• **Brief**
Go through the records and transcribe them exactly, passing over any picture.

Recorded data:
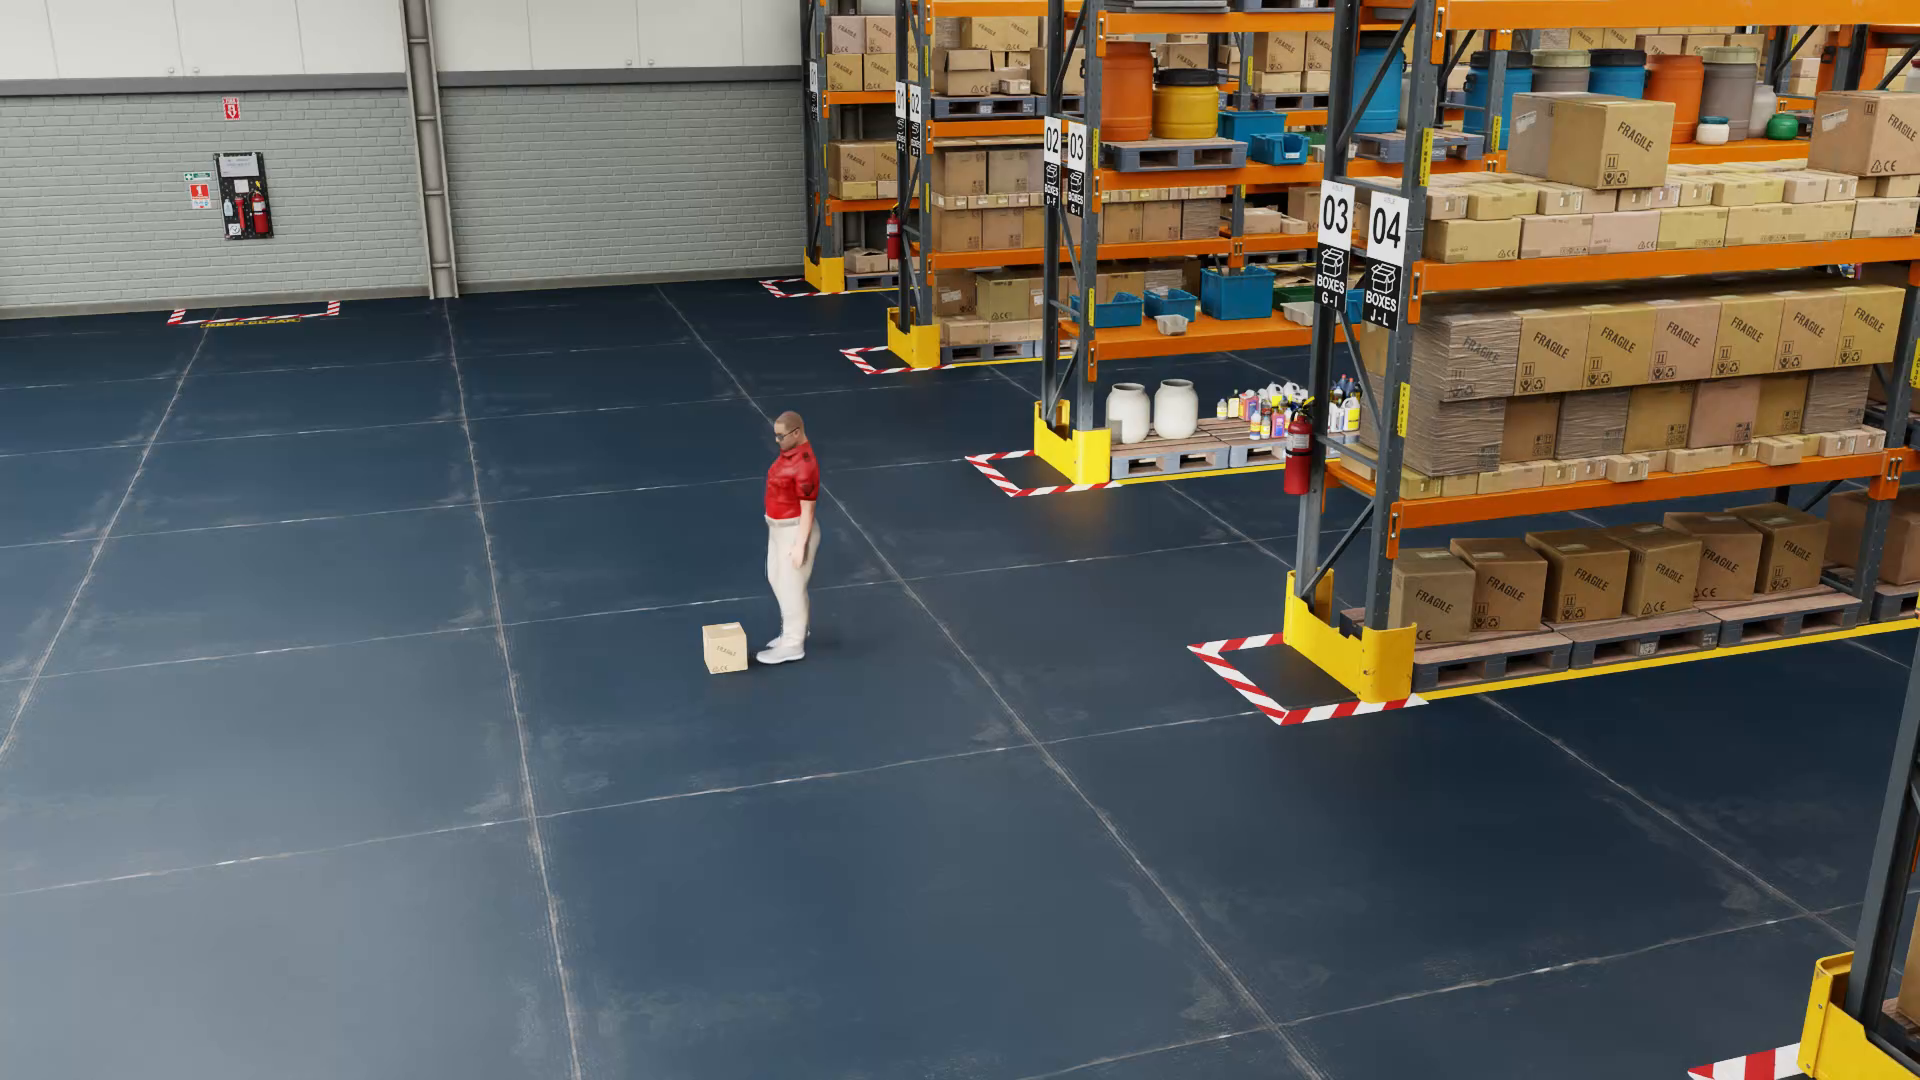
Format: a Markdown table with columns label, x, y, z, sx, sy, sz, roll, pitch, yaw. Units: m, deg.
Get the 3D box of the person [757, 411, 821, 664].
| label | x | y | z | sx | sy | sz | roll | pitch | yaw |
| --- | --- | --- | --- | --- | --- | --- | --- | --- | --- |
| person | -1.177 | -0.002 | 11.138 | 0.463 | 1.786 | 0.589 | -6 | 20 | -18 |

• **Answer below**
Format: a Markdown table with columns label, x, y, z, sx, sy, sz, roll, pitch, yaw. Units: m, deg.
Get the 3D box of the person [757, 411, 821, 664].
| label | x | y | z | sx | sy | sz | roll | pitch | yaw |
| --- | --- | --- | --- | --- | --- | --- | --- | --- | --- |
| person | -1.177 | -0.002 | 11.138 | 0.463 | 1.786 | 0.589 | -6 | 20 | -18 |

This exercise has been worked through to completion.